The prosecution's failure to disclose material exculpatory or impeachment evidence in violation of Brady v. Maryland is a cognizable 440 ground. Brady claims are among the most frequently litigated post-conviction issues and among the most technically demanding. We have experience identifying and developing Brady records, including through investigative work, FOIL requests, and cross-referencing trial testimony against known withheld disclosures.

Ineffective Assistance of Counsel

Under the Strickland standard, a defendant must show both that counsel's performance was deficient and that the deficiency prejudiced the outcome. In New York, People v. Benevento provides a broader state constitutional standard. 440 motions based on ineffective assistance require an off-record evidentiary foundation, often developed through attorney affidavits, investigative records, and expert submissions. This is not a claim that can be made by citing the trial transcript alone.

03
Federal Court

Federal Habeas Corpus

  • Exhausted constitutional claims
  • Fourth Amendment violations
  • Sixth Amendment right to counsel
  • Due process violations
  • Confrontation Clause issues
  • Actual innocence gateway
  • Sentencing as cruel and unusual punishment

Federal Habeas Under 28 U.S.C. Section 2254

Federal habeas corpus under 28 U.S.C. Section 2254 allows a state prisoner to challenge a state court conviction in federal court on the ground that the conviction was obtained in violation of the United States Constitution.
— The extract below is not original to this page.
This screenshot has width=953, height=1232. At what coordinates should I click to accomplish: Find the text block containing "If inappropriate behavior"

It is the vehicle of last resort for most state prisoners: federal courts will not entertain a habeas petition unless the petitioner has exhausted available state remedies.
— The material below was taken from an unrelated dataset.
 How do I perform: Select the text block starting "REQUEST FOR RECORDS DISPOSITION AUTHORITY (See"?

Exhaustion requires that the constitutional claim was fairly presented to the state courts, including through the state's highest court, before being brought to federal court. Failure to exhaust creates procedural default, which bars federal review absent a showing of cause and prejudice or actual innocence. We assess exhaustion at the outset of every potential habeas matter before filing.
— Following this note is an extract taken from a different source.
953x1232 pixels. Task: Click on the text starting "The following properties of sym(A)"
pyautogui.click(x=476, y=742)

AEDPA's Deferential Standards

The Antiterrorism and Effective Death Penalty Act of 1996 significantly restricts federal habeas review. Under AEDPA, a federal court may not grant habeas relief on a claim that was adjudicated on the merits in state court unless the state court decision was contrary to, or involved an unreasonable application of, clearly established federal law as determined by the Supreme Court, or was based on an unreasonable determination of the facts. This is a demanding standard. We identify the subset of cases where AEDPA's limitations do not foreclose relief and develop those records accordingly.

One-Year Filing Deadline

AEDPA imposes a one-year statute of limitations on federal habeas petitions, running from the date on which the state court judgment became final. Certain events toll this period, but the calculation is jurisdiction-specific and fact-sensitive. If you believe your matter may have a federal habeas vehicle, contact us before the one-year period expires. Late filing is fatal to the petition in almost all circumstances.

New York Federal Courts

We handle habeas petitions before the United States District Court for the Southern District of New York, which covers Manhattan, the Bronx, Westchester, Rockland, Orange, Putnam, Dutchess, and Sullivan Counties, and the United States District Court for the Eastern District of New York, which covers Brooklyn, Queens, Staten Island, Nassau, and Suffolk Counties. Both districts are within the Second Circuit.